• [Exercise objective] Search the data below for the word "Texas" and report how many lines contain it. Nothing but the number is needed.

• [Entries supplied]
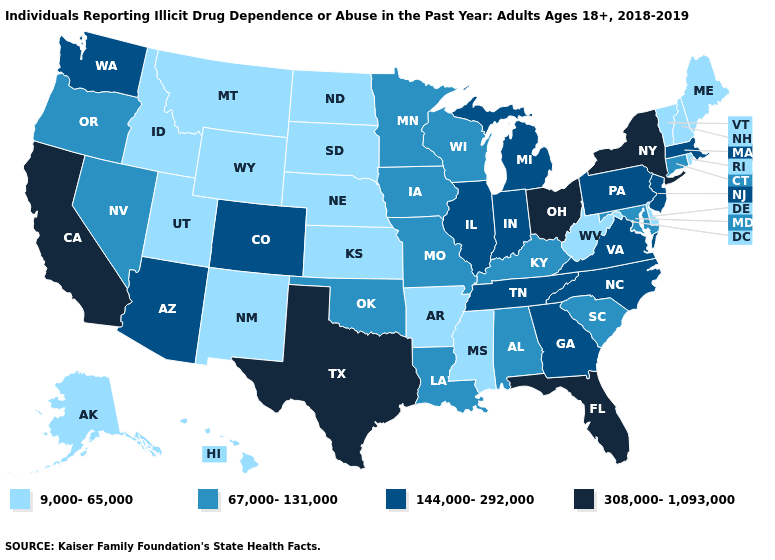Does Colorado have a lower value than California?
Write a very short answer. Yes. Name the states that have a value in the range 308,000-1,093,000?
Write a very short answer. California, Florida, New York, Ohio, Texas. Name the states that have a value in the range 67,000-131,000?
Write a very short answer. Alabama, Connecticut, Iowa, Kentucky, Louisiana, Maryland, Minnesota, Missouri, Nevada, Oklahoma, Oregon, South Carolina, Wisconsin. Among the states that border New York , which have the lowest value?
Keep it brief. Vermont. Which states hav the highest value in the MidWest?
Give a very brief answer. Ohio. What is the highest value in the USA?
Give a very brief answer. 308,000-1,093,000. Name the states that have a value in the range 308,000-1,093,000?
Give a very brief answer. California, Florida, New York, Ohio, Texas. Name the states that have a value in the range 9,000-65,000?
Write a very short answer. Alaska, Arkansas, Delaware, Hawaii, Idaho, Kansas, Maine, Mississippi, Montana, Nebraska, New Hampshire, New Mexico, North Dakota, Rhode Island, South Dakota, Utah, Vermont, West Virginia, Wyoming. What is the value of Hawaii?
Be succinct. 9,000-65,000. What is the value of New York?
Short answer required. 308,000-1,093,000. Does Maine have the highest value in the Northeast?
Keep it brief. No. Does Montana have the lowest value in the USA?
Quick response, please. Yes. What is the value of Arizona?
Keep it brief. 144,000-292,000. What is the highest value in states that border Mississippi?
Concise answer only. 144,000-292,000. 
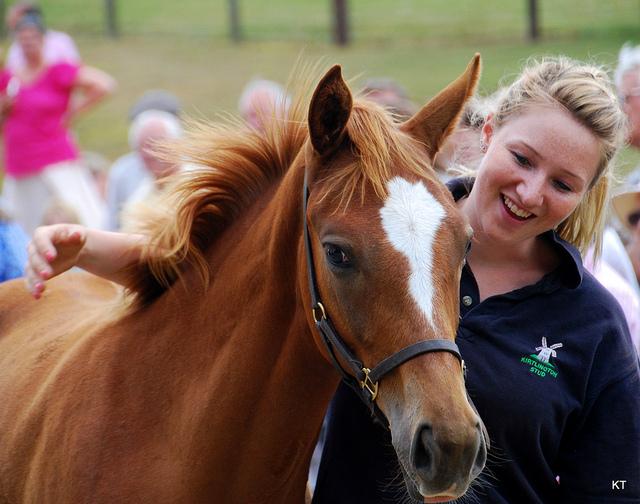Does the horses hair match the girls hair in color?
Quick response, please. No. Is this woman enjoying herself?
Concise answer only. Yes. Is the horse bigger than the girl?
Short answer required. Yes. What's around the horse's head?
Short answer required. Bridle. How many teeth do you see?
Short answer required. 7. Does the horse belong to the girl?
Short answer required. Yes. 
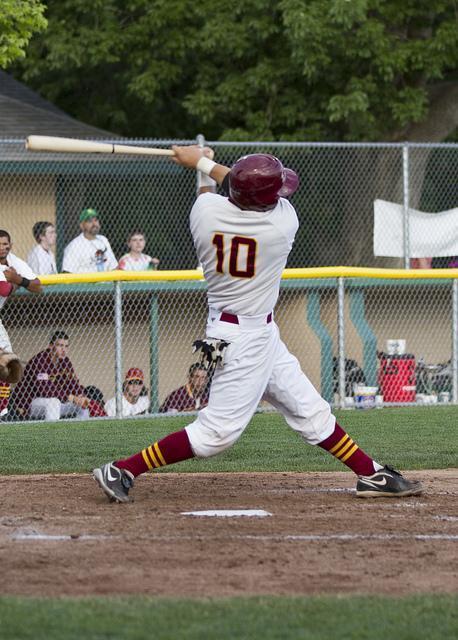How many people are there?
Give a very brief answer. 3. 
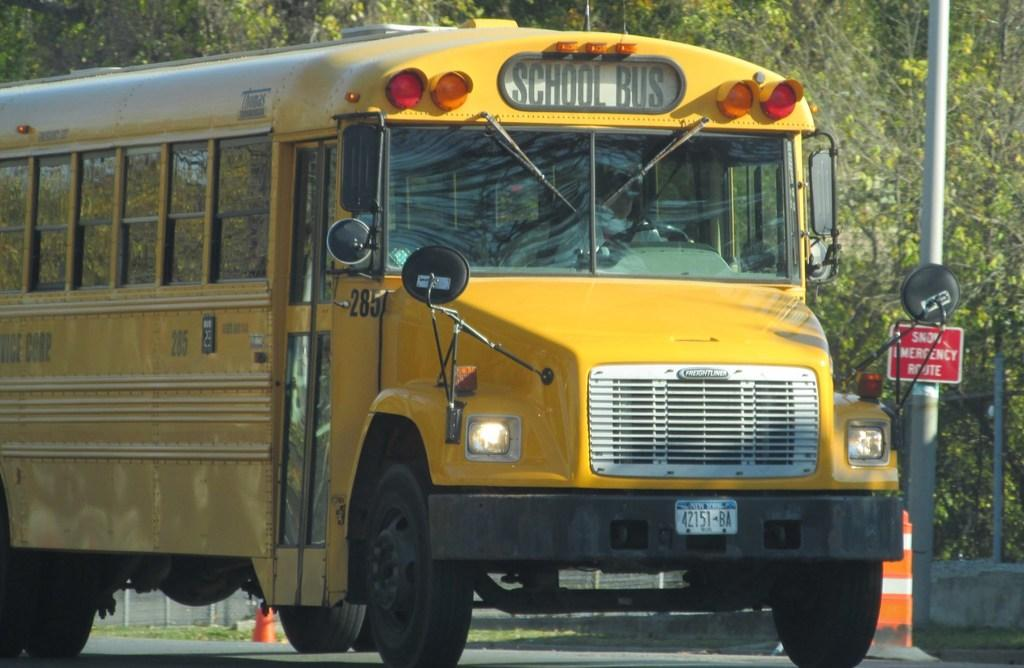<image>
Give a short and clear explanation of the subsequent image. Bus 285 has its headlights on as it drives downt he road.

==

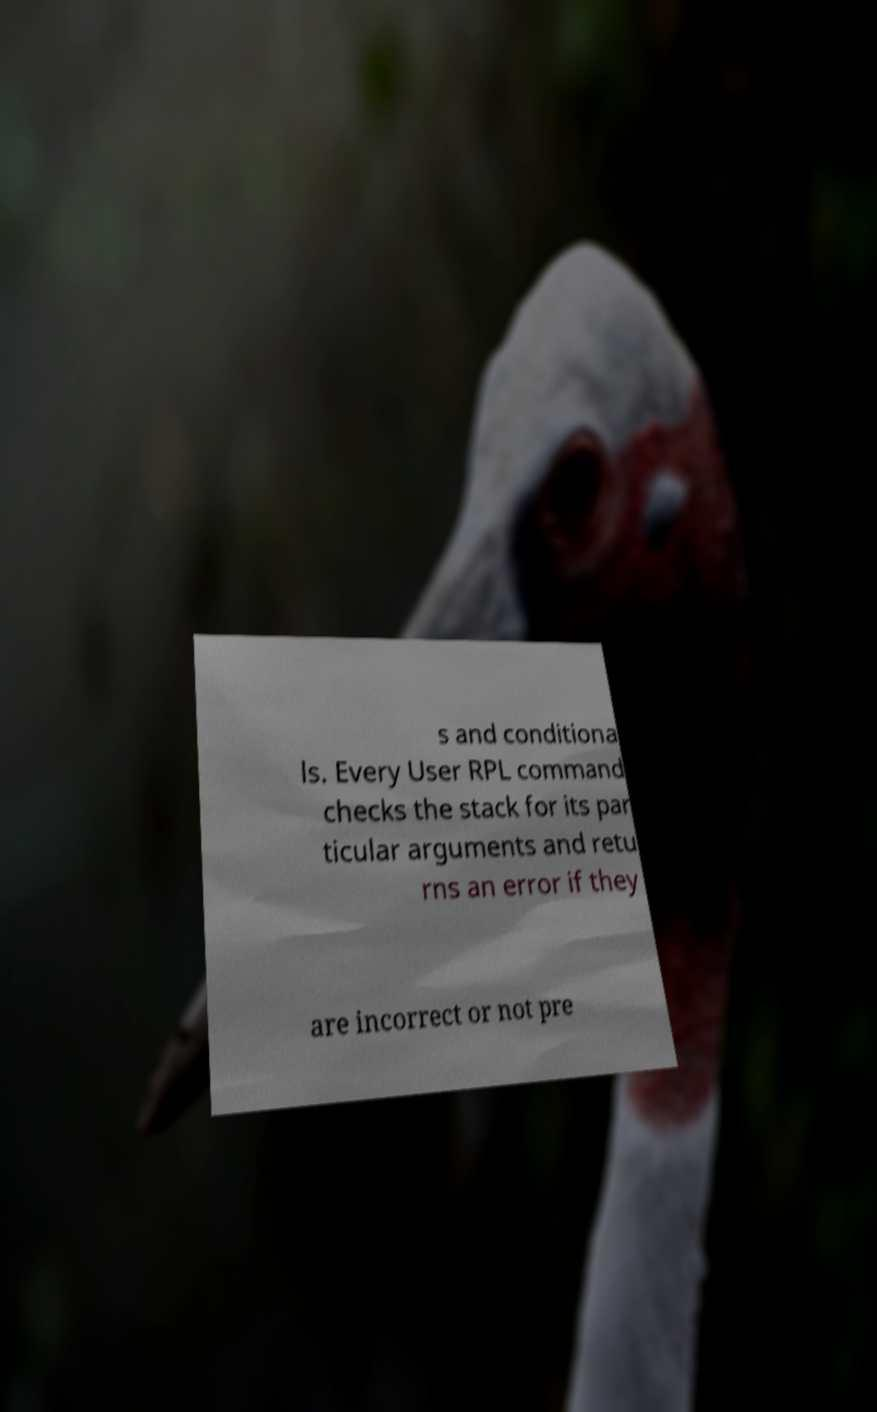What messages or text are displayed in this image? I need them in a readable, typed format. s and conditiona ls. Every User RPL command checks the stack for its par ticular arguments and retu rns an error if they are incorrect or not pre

• [Your solution] 2